## Questions#1: Load up one of our favorite datasets, the digits dataset, and let's go step by step through it using grid search to pipelines to create the optimal classifier

Load up the digits dataset, and create matrix X and vector y containing the predictor and response variables

In [4]:
from sklearn import datasets
digits = datasets.load_digits()
X = digits.data
y = digits.target

Break up the dataset into a training and testing set

In [5]:
from sklearn.cross_validation import train_test_split
X_train, X_test, y_train, y_test = train_test_split(X,y)

Before we use an SVM, we generally want to scale our data, and then fit it with the classifier. However, we don't want to manually do it, so let's put it into a Pipeline.

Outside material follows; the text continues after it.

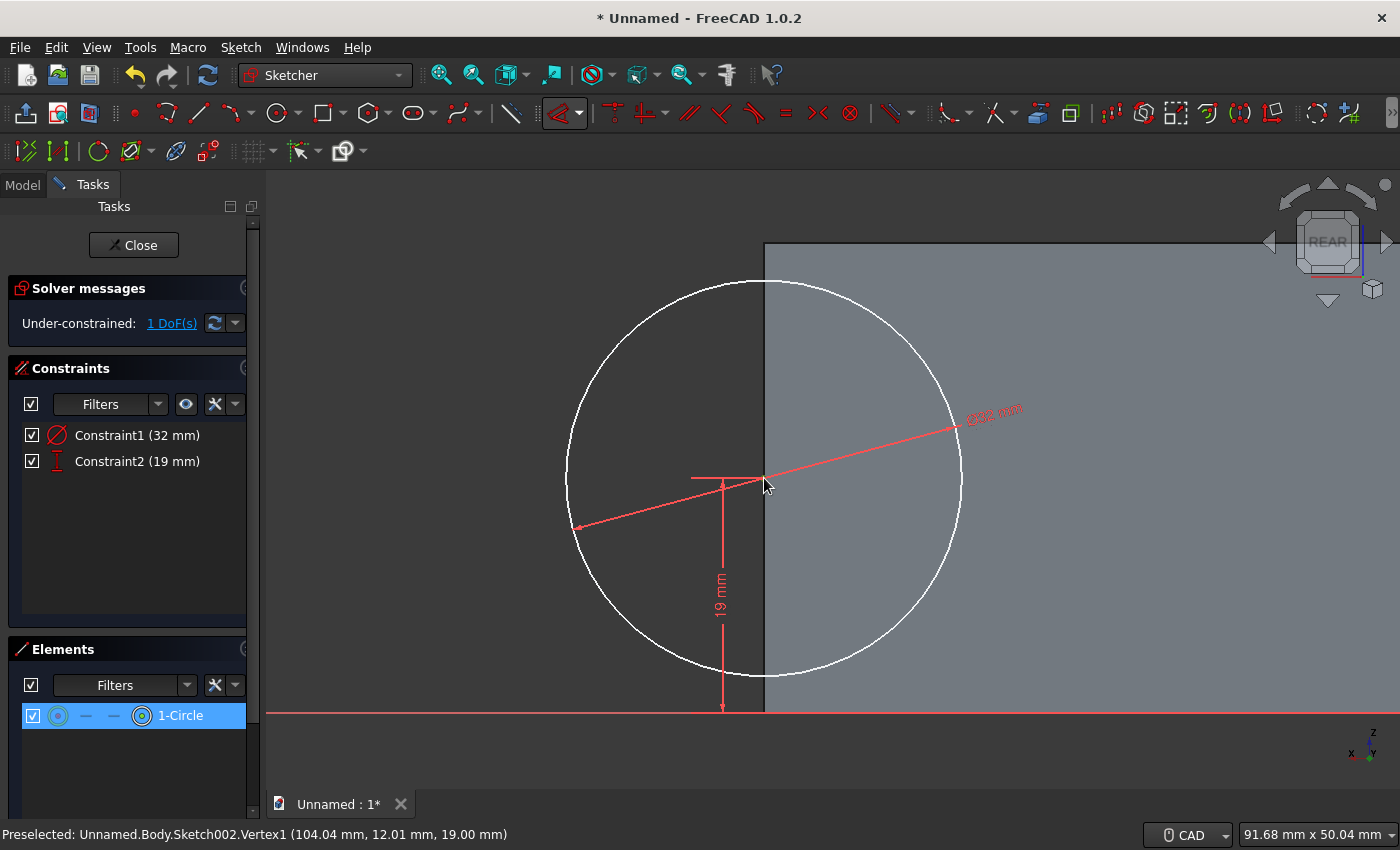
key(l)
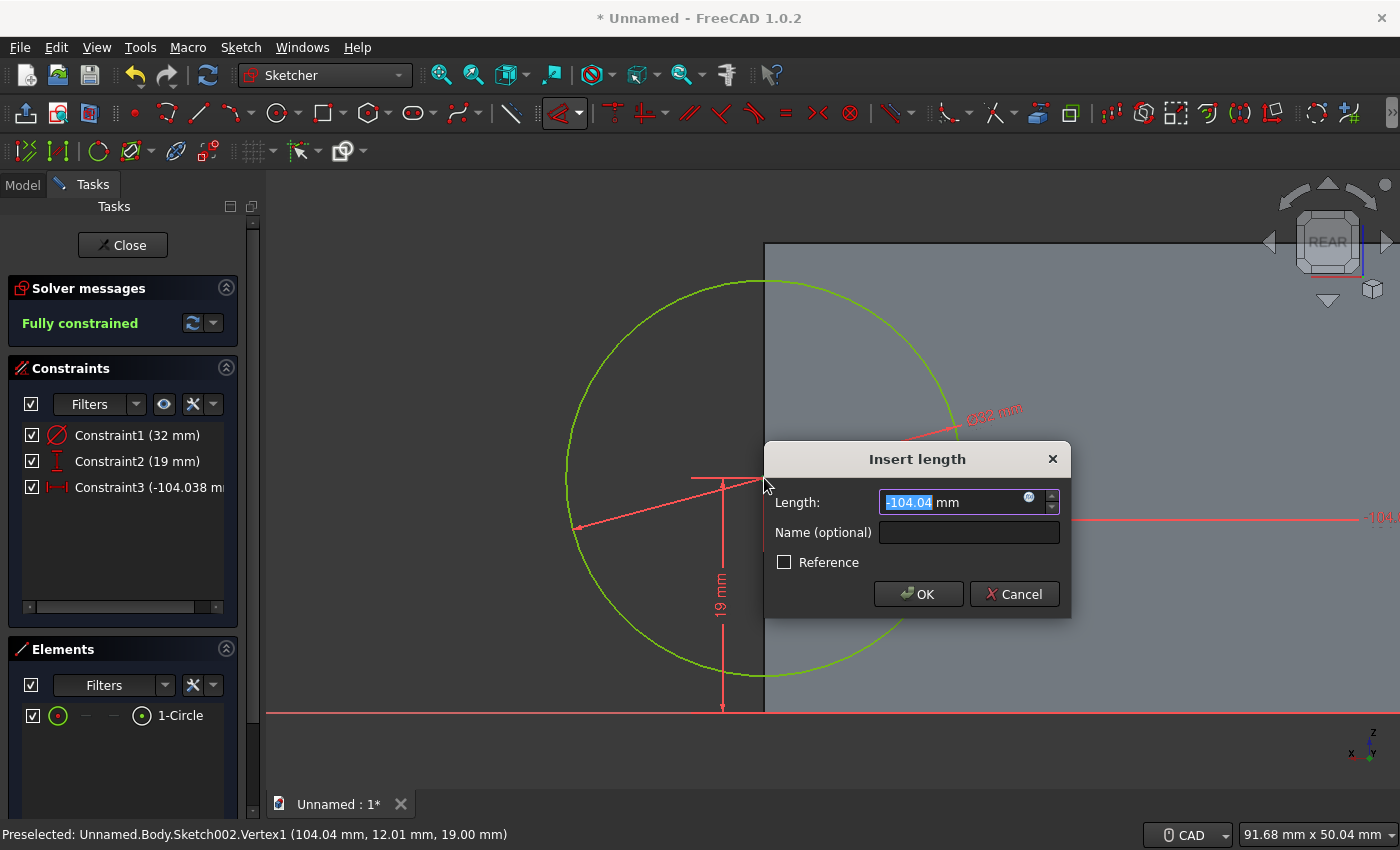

Import Pipeline from the sklearn.pipeline, as well as StandardScaler and SVC

In [9]:
from sklearn.pipeline import Pipeline
from sklearn.preprocessing import StandardScaler
from sklearn.svm import SVC

Read the help documents with Pipeline??

In [10]:
Pipeline??

Following the instructions, pass in the pipeline you want performed. (The argument should be a list of tuples(a,b) where a is anything you want to call it, and b is the actual object)

In [12]:
pipeline = Pipeline([("scaler", StandardScaler()),
                     ("svc", SVC())])

Excellent! Now fit the pipeline just like you would a regular classifier on the training set

In [13]:
pipeline.fit(X_train,y_train)

Pipeline(steps=[('scaler', StandardScaler(copy=True, with_mean=True, with_std=True)), ('svc', SVC(C=1.0, cache_size=200, class_weight=None, coef0=0.0, degree=3, gamma=0.0,
  kernel='rbf', max_iter=-1, probability=False, random_state=None,
  shrinking=True, tol=0.001, verbose=False))])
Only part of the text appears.